Comparison of Speech Tasks in Human Expert and Machine Detection of Parkinson's Disease
Peter Plantinga, Roozbeh Sattari, Karine Marcotte, Carla Di Gironimo, Madeleine Sharp, Liziane Bouvier, Maiya Geddes, Ingrid Verduyckt, Étienne de Villers-Sidani, Mirco Ravanelli, Denise Klein
TL;DR
This paper investigates diagnosing Parkinson's disease from speech by directly comparing human expert judgments to a Whisper-based classifier across five speech tasks. Using the Quebec Parkinson Network dataset, the authors demonstrate that audio-only predictions from Whisper can match or exceed human performance in several demographics, particularly for spontaneous speech in younger, mild, and female patients. The results highlight complementary strengths: clinicians leverage multimodal context while Whisper exploits acoustic cues that may be overlooked by humans.
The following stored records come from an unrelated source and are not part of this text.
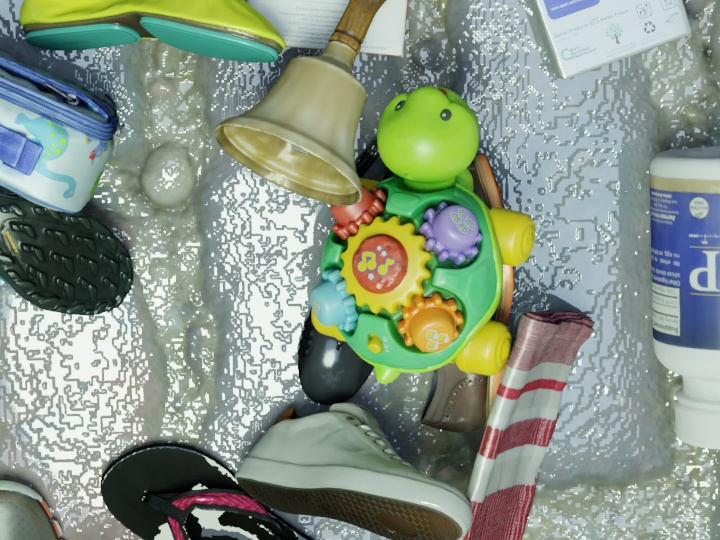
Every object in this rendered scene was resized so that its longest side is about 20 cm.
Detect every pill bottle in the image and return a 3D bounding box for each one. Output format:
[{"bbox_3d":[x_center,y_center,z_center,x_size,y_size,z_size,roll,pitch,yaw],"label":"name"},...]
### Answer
[{"bbox_3d":[0.262,0.017,1.405,0.119,0.120,0.200,-3,98,-3],"label":"pill bottle"}]

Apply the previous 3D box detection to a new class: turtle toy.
[{"bbox_3d":[0.035,-0.023,1.350,0.145,0.101,0.200,12,89,24],"label":"turtle toy"}]

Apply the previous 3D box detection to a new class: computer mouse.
[{"bbox_3d":[0.000,0.000,1.432,0.058,0.034,0.200,14,96,-4],"label":"computer mouse"}]

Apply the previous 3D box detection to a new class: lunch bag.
[{"bbox_3d":[-0.258,-0.109,1.339,0.200,0.161,0.083,23,96,-5],"label":"lunch bag"}]

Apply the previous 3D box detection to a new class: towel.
[{"bbox_3d":[0.107,0.124,1.401,0.023,0.144,0.200,20,97,19],"label":"towel"}]

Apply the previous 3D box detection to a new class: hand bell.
[{"bbox_3d":[-0.006,-0.153,1.321,0.104,0.104,0.200,27,76,-6],"label":"hand bell"}]

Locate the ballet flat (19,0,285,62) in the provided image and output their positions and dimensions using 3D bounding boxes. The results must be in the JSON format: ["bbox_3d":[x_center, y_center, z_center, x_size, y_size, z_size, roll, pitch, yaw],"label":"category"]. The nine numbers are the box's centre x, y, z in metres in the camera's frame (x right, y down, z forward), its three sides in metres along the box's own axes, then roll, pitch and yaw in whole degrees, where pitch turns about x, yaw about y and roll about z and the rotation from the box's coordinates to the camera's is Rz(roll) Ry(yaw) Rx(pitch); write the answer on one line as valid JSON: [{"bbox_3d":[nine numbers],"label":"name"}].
[{"bbox_3d":[-0.140,-0.180,1.360,0.200,0.067,0.067,5,79,24],"label":"ballet flat"}]

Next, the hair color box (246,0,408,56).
[{"bbox_3d":[-0.018,-0.251,1.383,0.111,0.064,0.200,5,99,-3],"label":"hair color box"}]

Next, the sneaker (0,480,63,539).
[{"bbox_3d":[-0.243,0.249,1.426,0.077,0.082,0.200,-5,98,-3],"label":"sneaker"}]

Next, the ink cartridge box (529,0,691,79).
[{"bbox_3d":[0.152,-0.242,1.406,0.099,0.039,0.200,-19,100,0],"label":"ink cartridge box"}]

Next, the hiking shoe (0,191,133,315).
[{"bbox_3d":[-0.249,-0.029,1.395,0.200,0.087,0.075,22,96,-29],"label":"hiking shoe"}]

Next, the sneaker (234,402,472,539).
[{"bbox_3d":[0.003,0.128,1.379,0.073,0.200,0.085,51,60,-39],"label":"sneaker"}]

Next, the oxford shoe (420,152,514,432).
[{"bbox_3d":[0.070,0.018,1.420,0.073,0.071,0.200,-1,98,1],"label":"oxford shoe"}]

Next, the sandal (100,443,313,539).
[{"bbox_3d":[-0.092,0.189,1.445,0.200,0.045,0.075,32,96,-7],"label":"sandal"}]
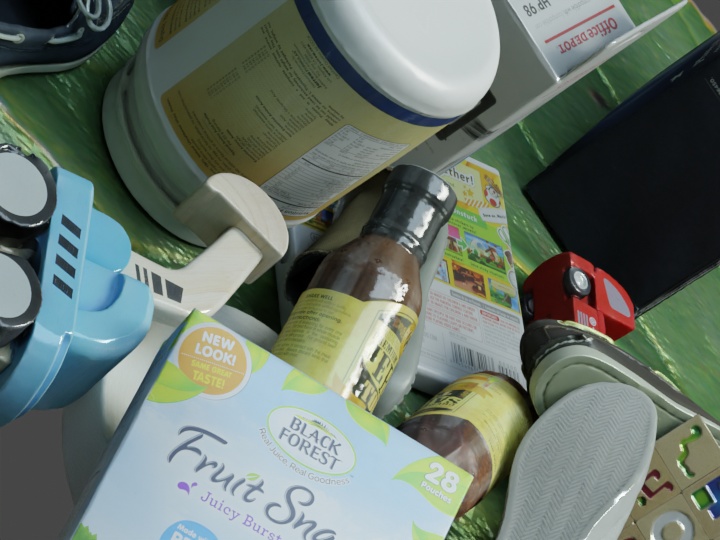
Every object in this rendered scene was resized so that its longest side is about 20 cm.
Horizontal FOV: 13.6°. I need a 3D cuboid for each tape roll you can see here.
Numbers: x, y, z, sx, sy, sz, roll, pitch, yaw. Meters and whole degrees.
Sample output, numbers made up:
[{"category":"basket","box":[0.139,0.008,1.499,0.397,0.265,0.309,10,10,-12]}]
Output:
[{"category":"tape roll","box":[-0.072,0.111,1.615,0.202,0.037,0.204,30,44,-33]}]

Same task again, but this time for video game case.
[{"category":"video game case","box":[0.022,-0.012,1.835,0.199,0.023,0.183,22,49,-39]}]

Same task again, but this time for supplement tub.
[{"category":"supplement tub","box":[-0.036,-0.111,1.685,0.144,0.200,0.145,30,44,-33]}]

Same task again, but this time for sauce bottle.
[{"category":"sauce bottle","box":[0.047,0.106,1.704,0.066,0.066,0.200,58,20,1]},{"category":"sauce bottle","box":[-0.008,0.033,1.600,0.065,0.065,0.201,38,66,-25]}]

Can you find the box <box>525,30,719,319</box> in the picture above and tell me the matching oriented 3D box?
[{"category":"box","box":[0.246,-0.088,2.009,0.124,0.198,0.200,54,35,-1]}]

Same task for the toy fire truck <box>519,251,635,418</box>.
[{"category":"toy fire truck","box":[0.167,0.098,1.900,0.141,0.049,0.201,28,45,-34]}]

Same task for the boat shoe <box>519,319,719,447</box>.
[{"category":"boat shoe","box":[0.172,0.096,1.811,0.201,0.072,0.061,40,13,-30]}]

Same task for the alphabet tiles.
[{"category":"alphabet tiles","box":[0.185,0.190,1.764,0.167,0.199,0.006,58,-7,1]}]

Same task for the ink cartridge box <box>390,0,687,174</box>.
[{"category":"ink cartridge box","box":[0.086,-0.125,1.805,0.067,0.200,0.116,56,35,2]}]

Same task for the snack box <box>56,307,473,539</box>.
[{"category":"snack box","box":[-0.062,0.148,1.476,0.168,0.068,0.201,30,64,-8]}]

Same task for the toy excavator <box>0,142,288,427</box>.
[{"category":"toy excavator","box":[-0.135,0.009,1.542,0.199,0.100,0.195,27,46,-26]}]

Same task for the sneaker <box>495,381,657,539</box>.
[{"category":"sneaker","box":[0.112,0.166,1.721,0.073,0.116,0.200,19,53,17]}]

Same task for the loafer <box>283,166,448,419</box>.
[{"category":"loafer","box":[0.000,0.000,1.707,0.070,0.075,0.201,39,31,-24]}]

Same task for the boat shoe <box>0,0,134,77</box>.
[{"category":"boat shoe","box":[-0.178,-0.153,1.666,0.200,0.062,0.075,-20,78,-55]}]
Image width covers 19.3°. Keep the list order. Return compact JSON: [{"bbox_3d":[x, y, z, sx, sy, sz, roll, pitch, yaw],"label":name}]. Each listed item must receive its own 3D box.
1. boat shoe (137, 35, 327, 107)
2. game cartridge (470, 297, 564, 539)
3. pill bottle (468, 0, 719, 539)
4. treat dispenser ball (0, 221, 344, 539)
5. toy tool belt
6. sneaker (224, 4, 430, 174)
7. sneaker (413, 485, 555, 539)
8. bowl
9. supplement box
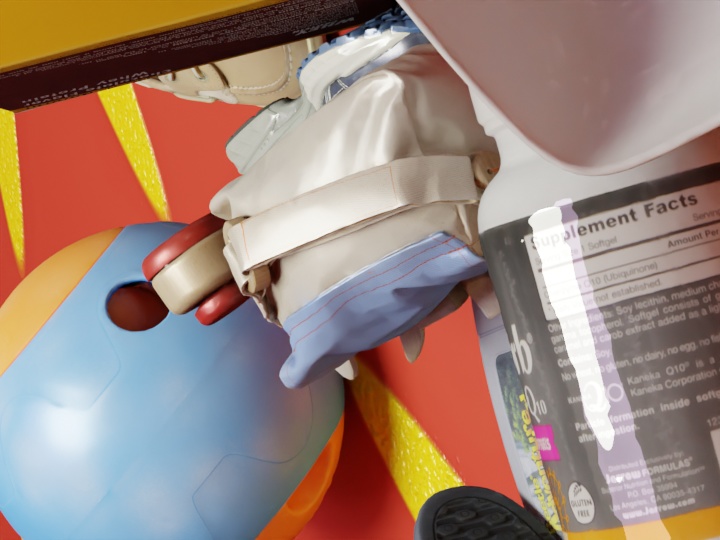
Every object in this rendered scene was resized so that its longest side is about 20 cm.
[{"bbox_3d":[-0.087,-0.122,1.145,0.200,0.065,0.072,16,117,55],"label":"boat shoe"},{"bbox_3d":[0.106,0.070,0.902,0.133,0.041,0.200,-32,74,67],"label":"game cartridge"},{"bbox_3d":[0.109,0.008,0.772,0.116,0.116,0.200,-21,84,64],"label":"pill bottle"},{"bbox_3d":[-0.108,0.074,1.136,0.201,0.201,0.201,38,135,51],"label":"treat dispenser ball"},{"bbox_3d":[0.000,0.000,0.895,0.200,0.125,0.123,-36,87,39],"label":"toy tool belt"},{"bbox_3d":[0.011,-0.066,0.995,0.085,0.077,0.200,58,153,3],"label":"sneaker"},{"bbox_3d":[0.078,0.182,0.905,0.200,0.066,0.079,54,151,35],"label":"sneaker"},{"bbox_3d":[0.090,-0.154,0.658,0.200,0.075,0.200,-33,106,27],"label":"bowl"},{"bbox_3d":[-0.093,-0.160,0.922,0.200,0.197,0.133,-30,-74,-87],"label":"supplement box"}]
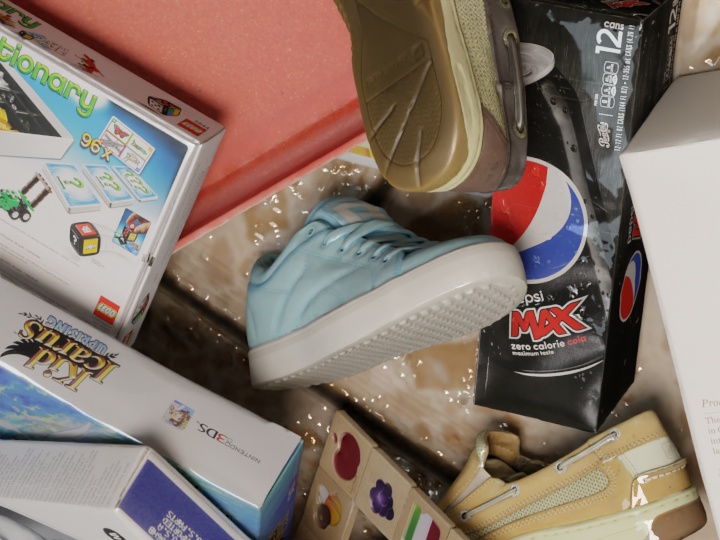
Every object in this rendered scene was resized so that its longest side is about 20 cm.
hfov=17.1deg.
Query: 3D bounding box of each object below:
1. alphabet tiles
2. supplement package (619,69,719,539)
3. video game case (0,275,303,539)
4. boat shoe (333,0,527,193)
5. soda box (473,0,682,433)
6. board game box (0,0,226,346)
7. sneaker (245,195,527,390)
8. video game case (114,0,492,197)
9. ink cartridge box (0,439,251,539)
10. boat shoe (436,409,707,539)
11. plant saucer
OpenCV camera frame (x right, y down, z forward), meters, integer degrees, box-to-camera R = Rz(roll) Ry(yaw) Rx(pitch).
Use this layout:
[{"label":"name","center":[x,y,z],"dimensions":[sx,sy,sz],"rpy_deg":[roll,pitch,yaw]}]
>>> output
[{"label":"alphabet tiles","center":[0.007,0.197,1.173],"dimensions":[0.167,0.008,0.201],"rpy_deg":[43,126,41]},{"label":"supplement package","center":[0.203,0.014,1.052],"dimensions":[0.116,0.117,0.201],"rpy_deg":[-8,107,23]},{"label":"video game case","center":[-0.121,0.094,1.178],"dimensions":[0.181,0.046,0.200],"rpy_deg":[26,155,8]},{"label":"boat shoe","center":[0.030,-0.123,1.041],"dimensions":[0.073,0.065,0.201],"rpy_deg":[-22,66,40]},{"label":"soda box","center":[0.099,-0.032,1.097],"dimensions":[0.063,0.071,0.201],"rpy_deg":[12,113,20]},{"label":"board game box","center":[-0.175,-0.060,1.142],"dimensions":[0.200,0.035,0.127],"rpy_deg":[31,115,10]},{"label":"sneaker","center":[0.000,0.000,1.112],"dimensions":[0.200,0.074,0.082],"rpy_deg":[-22,76,51]},{"label":"video game case","center":[-0.014,-0.144,1.124],"dimensions":[0.199,0.023,0.183],"rpy_deg":[15,114,13]},{"label":"ink cartridge box","center":[-0.108,0.152,1.168],"dimensions":[0.200,0.041,0.200],"rpy_deg":[0,141,50]},{"label":"boat shoe","center":[0.072,0.114,1.166],"dimensions":[0.199,0.072,0.076],"rpy_deg":[-21,88,31]},{"label":"plant saucer","center":[-0.088,-0.124,1.123],"dimensions":[0.199,0.037,0.200],"rpy_deg":[-29,96,29]}]
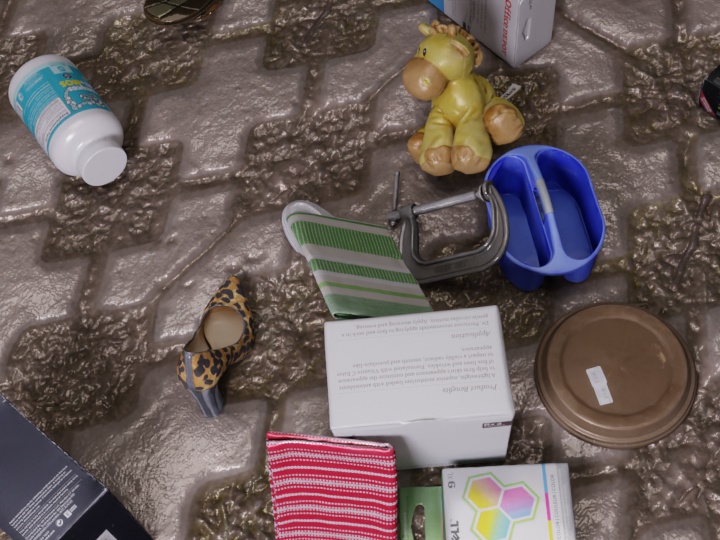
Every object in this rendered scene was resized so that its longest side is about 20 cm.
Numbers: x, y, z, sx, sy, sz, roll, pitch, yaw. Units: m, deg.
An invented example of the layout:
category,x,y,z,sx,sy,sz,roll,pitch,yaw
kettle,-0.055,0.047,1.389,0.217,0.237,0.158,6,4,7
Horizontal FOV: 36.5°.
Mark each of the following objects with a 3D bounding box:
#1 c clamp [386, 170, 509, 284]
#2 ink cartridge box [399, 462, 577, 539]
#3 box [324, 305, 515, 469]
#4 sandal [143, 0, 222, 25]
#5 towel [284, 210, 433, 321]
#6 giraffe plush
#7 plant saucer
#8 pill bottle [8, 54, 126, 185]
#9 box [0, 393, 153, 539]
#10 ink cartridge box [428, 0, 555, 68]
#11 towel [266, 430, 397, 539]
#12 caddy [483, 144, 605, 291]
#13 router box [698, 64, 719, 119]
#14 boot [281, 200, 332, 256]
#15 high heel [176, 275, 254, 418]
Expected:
category,x,y,z,sx,sy,sz,roll,pitch,yaw
c clamp,0.110,-0.067,1.432,0.200,0.027,0.171,-6,69,39
ink cartridge box,0.143,0.283,1.254,0.200,0.059,0.104,-3,60,4
box,0.067,0.143,1.257,0.199,0.200,0.131,-5,65,2
sandal,-0.256,-0.432,1.720,0.082,0.055,0.200,31,53,15
towel,0.000,0.000,1.309,0.152,0.023,0.200,10,34,-31
giraffe plush,0.126,-0.248,1.476,0.172,0.162,0.200,5,50,44
plant saucer,0.316,0.123,1.350,0.200,0.029,0.200,-2,61,4
pill bottle,-0.414,-0.211,1.570,0.111,0.111,0.200,-34,63,-14
box,-0.354,0.262,1.236,0.182,0.200,0.104,35,69,23
ink cartridge box,0.189,-0.419,1.609,0.086,0.146,0.200,-38,64,-18
towel,-0.030,0.261,1.214,0.144,0.200,0.022,4,37,8
caddy,0.237,-0.071,1.424,0.141,0.105,0.200,-11,59,-2
router box,0.595,-0.240,1.513,0.150,0.062,0.200,-41,64,-16
boot,-0.041,-0.041,1.441,0.074,0.096,0.200,-35,62,-14
high heel,-0.180,0.069,1.363,0.071,0.143,0.200,3,60,7
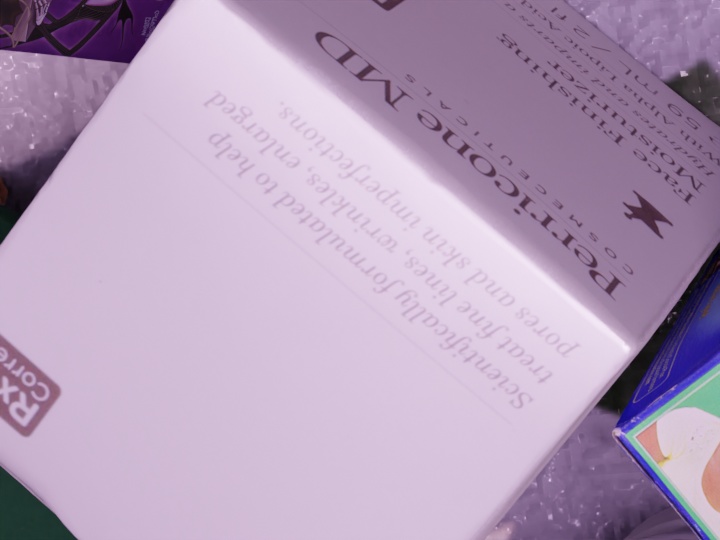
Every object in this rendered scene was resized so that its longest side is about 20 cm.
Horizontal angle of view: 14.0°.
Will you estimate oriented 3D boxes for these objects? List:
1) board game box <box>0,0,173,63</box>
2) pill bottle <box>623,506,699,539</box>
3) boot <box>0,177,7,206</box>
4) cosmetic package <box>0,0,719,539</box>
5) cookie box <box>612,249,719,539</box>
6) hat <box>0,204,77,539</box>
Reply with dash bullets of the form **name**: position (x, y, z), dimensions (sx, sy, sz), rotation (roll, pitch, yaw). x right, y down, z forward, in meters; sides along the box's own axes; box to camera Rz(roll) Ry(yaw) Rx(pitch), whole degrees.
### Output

The work emphasizes the potential of ML-based speech analysis to improve access to diagnostic screening, alongside the need for explainability and accountability in clinical deployment.
Abstract
The speech of people with Parkinson's Disease (PD) has been shown to hold important clues about the presence and progression of the disease. We investigate the factors based on which humans experts make judgments of the presence of disease in speech samples over five different speech tasks: phonations, sentence repetition, reading, recall, and picture description. We make comparisons by conducting listening tests to determine clinicians accuracy at recognizing signs of PD from audio alone, and we conduct experiments with a machine learning system for detection based on Whisper. Across tasks, Whisper performs on par or better than human experts when only audio is available, especially on challenging but important subgroups of the data: younger patients, mild cases, and female patients. Whisper's ability to recognize acoustic cues in difficult cases complements the multimodal and contextual strengths of human experts.